-- Records for this task follows --

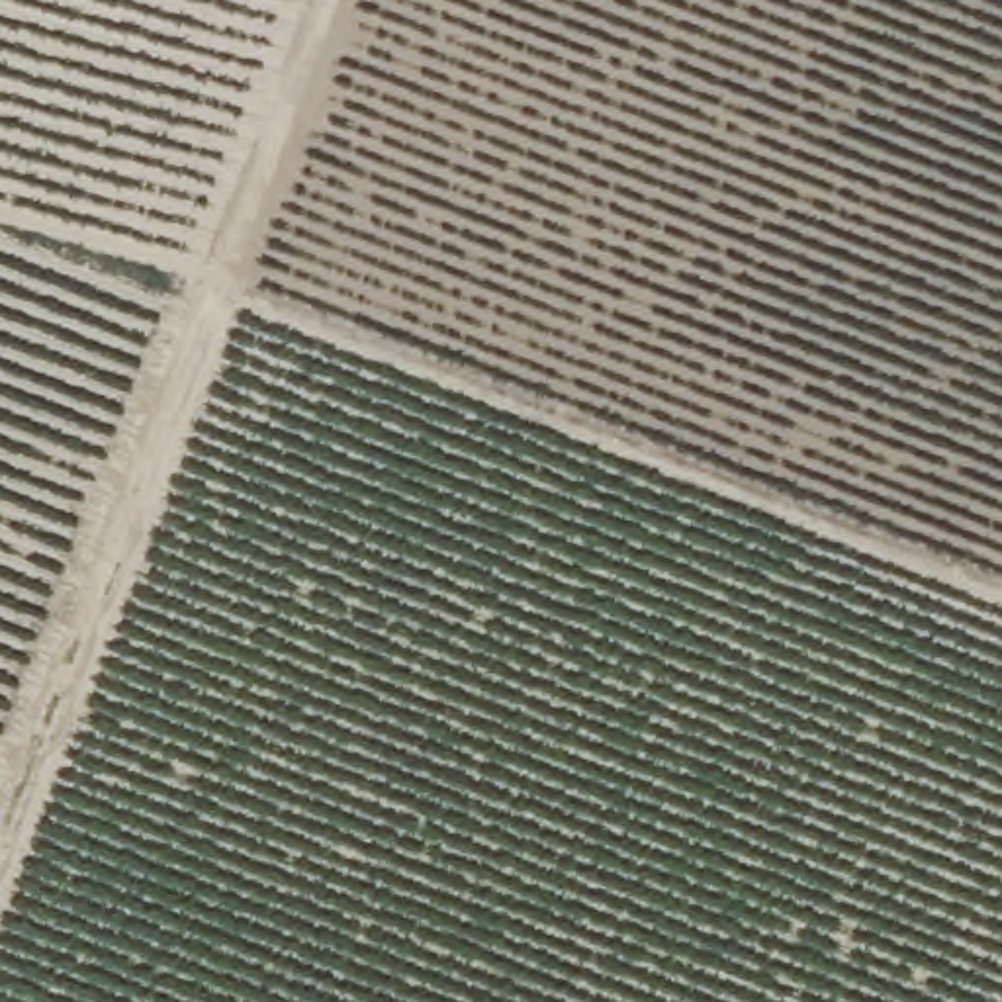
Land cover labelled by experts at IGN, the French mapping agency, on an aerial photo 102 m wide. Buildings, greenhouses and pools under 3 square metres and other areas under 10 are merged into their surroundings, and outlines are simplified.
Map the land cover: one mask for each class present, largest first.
<instances>
[{"label":"vineyard","instance_id":"1","mask_svg":"<svg viewBox=\"0 0 1002 1002\"><path fill-rule=\"evenodd\" d=\"M192 4H207L231 16L274 23L282 0H0V732L12 720V701L35 654V638L47 626V607H39V595H51L59 587L63 568L74 556L70 548L78 540L82 513L78 489L8 462L12 454H23L67 470L70 478L94 481V474L82 466L86 458H106V450L114 446L145 344L160 329L157 309L78 282L70 274L47 270L43 262L47 254H63L70 262L129 278L157 294L172 290V274L117 254L129 239L145 247L184 251L180 239L188 227H196V219L176 211L180 204L207 207L215 176L200 168L204 160H223V153L176 137L180 129H200L235 137L243 117V94L254 82V70L262 67L251 55L204 47L192 39L196 31H207L270 47L266 35L207 23L188 12ZM356 27L372 35V47L364 59L341 55L337 63L329 133L309 137L297 184L270 219V235L258 258V290L305 305L321 317L368 329L384 341L407 344L423 356L411 372H399L384 360L344 352L329 341L266 321L251 309L235 317V329L227 333L223 348V372L207 391V407L192 423L188 454L172 474L164 517L153 528L149 571L141 575V583H133L117 634L106 646L102 669L94 677L90 724L74 736L67 767H59L55 775L51 802L43 806L31 853L23 857V873L12 892V908L0 920V1002H1002V0H360Z\"/></svg>","mask_w":1002,"mask_h":1002},{"label":"pervious surface","instance_id":"2","mask_svg":"<svg viewBox=\"0 0 1002 1002\"><path fill-rule=\"evenodd\" d=\"M360 0H282L274 23L231 16L207 4H192L188 12L207 23L266 35L270 47L207 31H196L192 39L204 47L251 55L262 67L254 70V82L243 94V117L235 137L200 129H180L176 137L223 153V160H204L200 168L215 176L207 207L180 204L176 211L196 219V227H188L180 239L184 251L145 247L129 239L117 254L172 274V290L157 294L129 278L70 262L63 254H47L43 262L47 270L70 274L78 282L157 309L160 329L145 344L114 446L106 450V458H86L82 466L94 474V481L70 478L67 470L23 454H12L8 462L78 489L82 513L78 540L70 548L74 556L63 568L59 587L51 595H39V607H47V626L35 638V654L12 701V720L0 732V920L12 908V892L23 873V857L31 853L43 806L51 802L55 775L59 767H67L74 736L90 724L94 677L102 669L106 646L117 634L133 583H141V575L149 571L153 528L164 517L172 474L188 454L192 423L207 407V391L223 372V348L227 333L235 329V317L251 309L266 321L329 341L344 352L384 360L399 372H411L423 356L407 344L384 341L368 329L321 317L305 305L258 290V258L270 235V219L297 184L309 137L329 133L337 63L341 55L364 59L372 47V35L356 27Z\"/></svg>","mask_w":1002,"mask_h":1002}]
</instances>
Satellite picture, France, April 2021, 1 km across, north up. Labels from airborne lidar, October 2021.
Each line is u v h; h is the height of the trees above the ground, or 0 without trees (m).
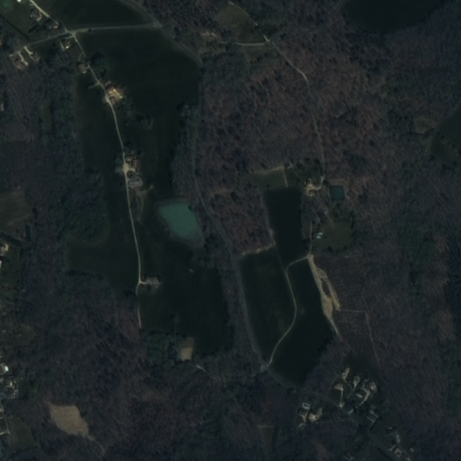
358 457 13
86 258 0
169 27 15
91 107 0
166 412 8
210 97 15
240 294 15
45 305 19
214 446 17
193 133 23
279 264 0
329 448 17
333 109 18
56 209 15
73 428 0
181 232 0
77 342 15
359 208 18
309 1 9
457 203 18
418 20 0
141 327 0
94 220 25
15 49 21
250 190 16
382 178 20
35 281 16
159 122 0
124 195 0
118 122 0
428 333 23
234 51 19
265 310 0
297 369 0
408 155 19
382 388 14
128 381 13
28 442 0
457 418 19
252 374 18
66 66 20
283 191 0
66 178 23
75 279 20
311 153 15
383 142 18
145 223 0
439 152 0
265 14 22
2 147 13
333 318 0
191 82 0
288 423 18
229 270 18
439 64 24
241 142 19
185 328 0
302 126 17
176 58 0
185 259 0
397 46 18
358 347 0
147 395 17
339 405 0
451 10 22
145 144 0
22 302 14
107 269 0
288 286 0
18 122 25
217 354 15
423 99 19
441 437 9
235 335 23
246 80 17
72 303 19
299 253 0
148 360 19
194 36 19
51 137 20
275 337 0
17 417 9
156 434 7
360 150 16
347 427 18
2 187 8
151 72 0
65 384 22
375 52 12
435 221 23
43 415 15
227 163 20
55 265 22
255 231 11
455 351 21
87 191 10
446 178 22
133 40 0
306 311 0
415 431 16
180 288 0
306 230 12
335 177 17
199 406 15
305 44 11
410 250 24
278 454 17
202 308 0
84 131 0
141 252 0
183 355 0
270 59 18
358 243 17
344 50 13
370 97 12
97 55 0
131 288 0
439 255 21
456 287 17
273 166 16
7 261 7
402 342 17
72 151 24
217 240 16
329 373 19
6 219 0
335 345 11
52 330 22
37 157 11
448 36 20
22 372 15
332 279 0
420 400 18
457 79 26
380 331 16
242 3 19
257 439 20
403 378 19
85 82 0
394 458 0
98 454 20
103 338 13
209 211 17
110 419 16
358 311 0
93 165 0
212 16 21
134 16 0
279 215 0
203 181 19
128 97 7
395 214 21
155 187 0
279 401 12
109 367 15
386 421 0
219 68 19
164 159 0
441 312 23
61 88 25
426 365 16
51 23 12
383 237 21
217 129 11
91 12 0
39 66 8
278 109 18
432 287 17
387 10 0
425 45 22
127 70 0
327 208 17
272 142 12
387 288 18
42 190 15
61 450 23
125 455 8
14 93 23
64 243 20
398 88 7
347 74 9
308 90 18
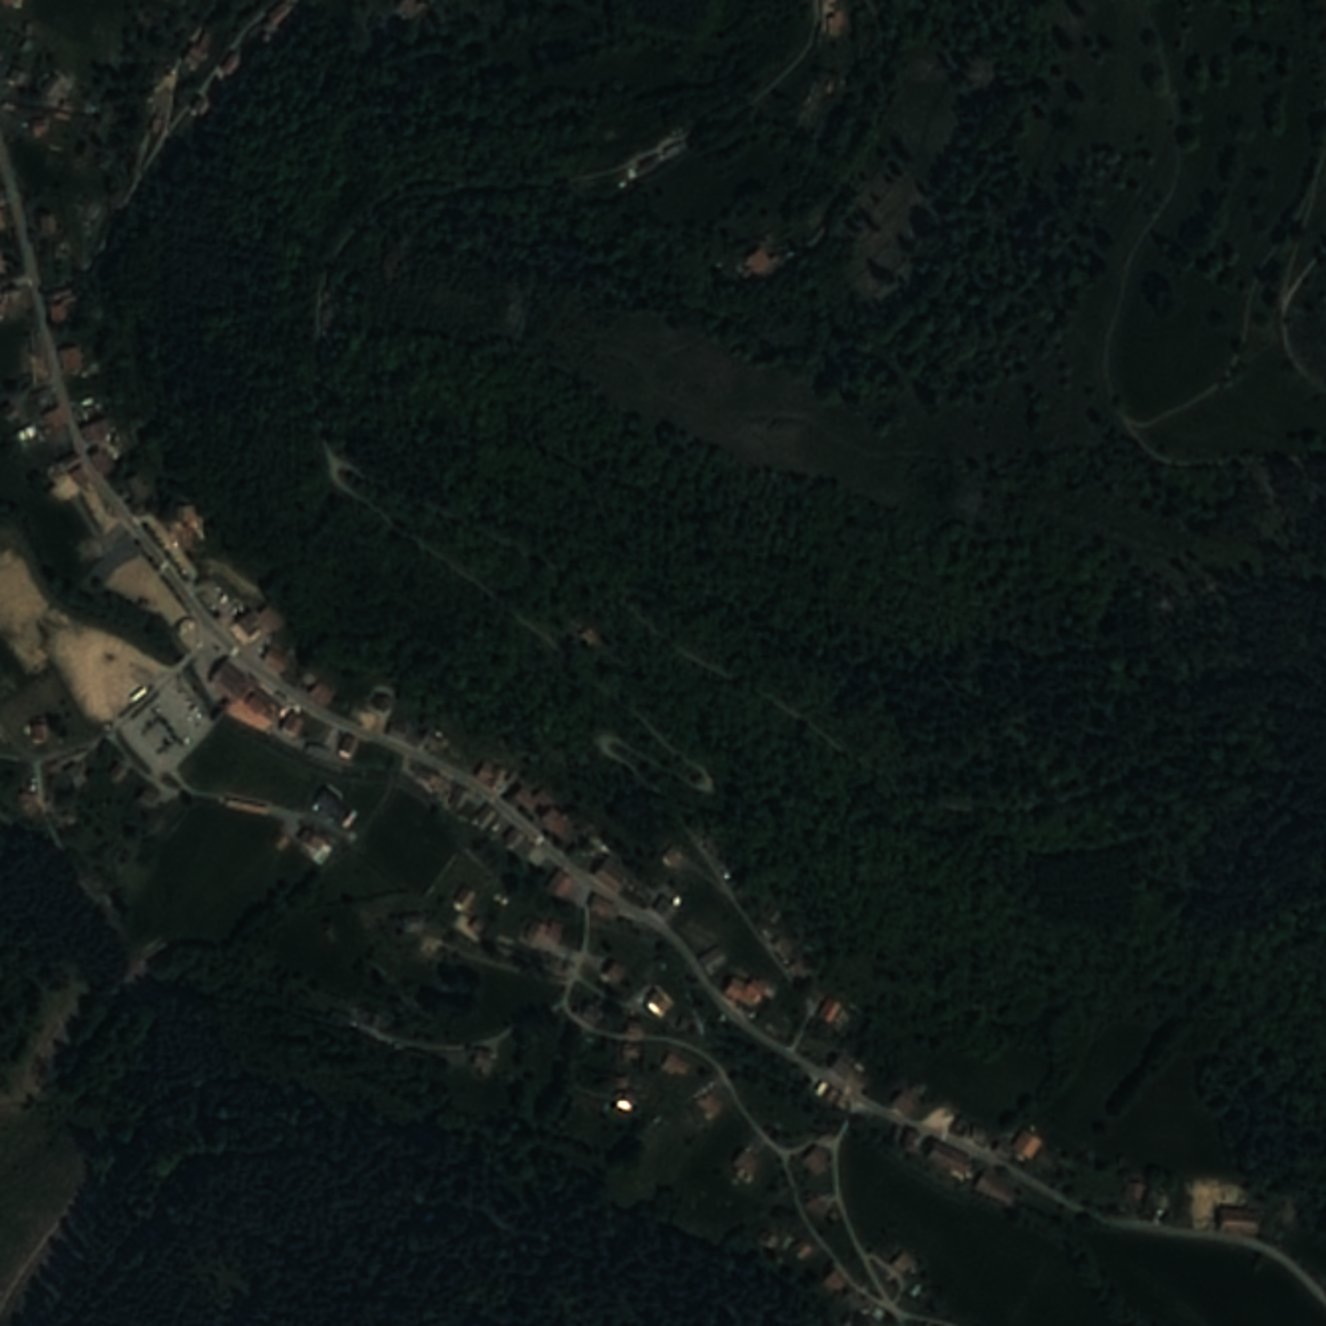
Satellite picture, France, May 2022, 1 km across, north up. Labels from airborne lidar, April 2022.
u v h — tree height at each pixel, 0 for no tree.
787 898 17
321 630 10
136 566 0
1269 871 33
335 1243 36
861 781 15
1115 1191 0
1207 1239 0
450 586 15
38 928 31
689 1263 27
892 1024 11
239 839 0
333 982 0
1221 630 32
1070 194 21
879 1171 0
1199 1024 19
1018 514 7
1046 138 0
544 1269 35
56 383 0
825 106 0
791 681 8
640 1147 16
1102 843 11
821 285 10
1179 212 0
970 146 6
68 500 0
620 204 5
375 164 17
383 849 0
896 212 0
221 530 16
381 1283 31
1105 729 22
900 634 11
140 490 0
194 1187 26
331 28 11
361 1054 17
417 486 18
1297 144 0
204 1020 23
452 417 7
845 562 8
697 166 0
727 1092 0
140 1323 26
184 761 0
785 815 16
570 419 12
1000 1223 0
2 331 0
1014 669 10
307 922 0
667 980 0
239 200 18
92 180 0
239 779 0
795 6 8
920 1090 7
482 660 14
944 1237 0
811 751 13
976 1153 0
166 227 17
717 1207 0
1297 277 0
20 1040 6
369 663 16
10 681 0
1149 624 24
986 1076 0
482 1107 0
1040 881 18
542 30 9
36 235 6
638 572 10
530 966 19
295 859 0
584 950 0
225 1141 33
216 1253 27
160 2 0
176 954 15
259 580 0
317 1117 23
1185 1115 0
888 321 14
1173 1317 0
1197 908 30
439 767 0
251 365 16
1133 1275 0
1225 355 0
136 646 0
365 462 19
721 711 16
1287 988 9
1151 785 23
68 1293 30
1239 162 12
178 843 0
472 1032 0
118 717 0
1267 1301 0
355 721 0
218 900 0
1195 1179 0
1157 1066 14
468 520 13
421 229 10
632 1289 34
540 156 14
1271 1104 27
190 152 17
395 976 0
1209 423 0
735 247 6
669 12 30
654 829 27
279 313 18
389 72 18
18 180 0
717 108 12
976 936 12
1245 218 0
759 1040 0
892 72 12
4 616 0
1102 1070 0
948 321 14
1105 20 0
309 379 7
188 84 7
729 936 0
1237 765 23
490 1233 29
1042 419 11
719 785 7
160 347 15
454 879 0
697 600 14
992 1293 0
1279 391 0
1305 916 11
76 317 5
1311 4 11
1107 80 0
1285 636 34
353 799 0
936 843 15
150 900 0
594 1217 32
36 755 0
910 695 25
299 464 12
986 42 22
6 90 0
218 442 16
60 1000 0
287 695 0
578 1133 0
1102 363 0
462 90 13
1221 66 11
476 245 7
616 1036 0
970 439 0
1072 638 20
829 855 18
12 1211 0
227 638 0
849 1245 0
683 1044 0
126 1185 34
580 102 7
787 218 12
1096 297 0
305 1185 30
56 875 26
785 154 6
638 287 15
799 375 13
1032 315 9
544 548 9
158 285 19
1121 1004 10
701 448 11
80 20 0
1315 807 33
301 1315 31
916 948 14
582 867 0
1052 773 11
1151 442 0
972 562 11
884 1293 0
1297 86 0
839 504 7
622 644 15
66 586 12
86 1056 31
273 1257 30
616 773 7
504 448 15
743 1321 37
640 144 0
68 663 0

-- Records for this task concluded --

● **Work required**: Only the lines from the one bearing "305 1185 30" through the end of the entries above belong in the answer, each one exactly as given.

● **Response area**:
305 1185 30
56 875 26
785 154 6
638 287 15
799 375 13
1032 315 9
544 548 9
158 285 19
1121 1004 10
701 448 11
80 20 0
1315 807 33
301 1315 31
916 948 14
582 867 0
1052 773 11
1151 442 0
972 562 11
884 1293 0
1297 86 0
839 504 7
622 644 15
66 586 12
86 1056 31
273 1257 30
616 773 7
504 448 15
743 1321 37
640 144 0
68 663 0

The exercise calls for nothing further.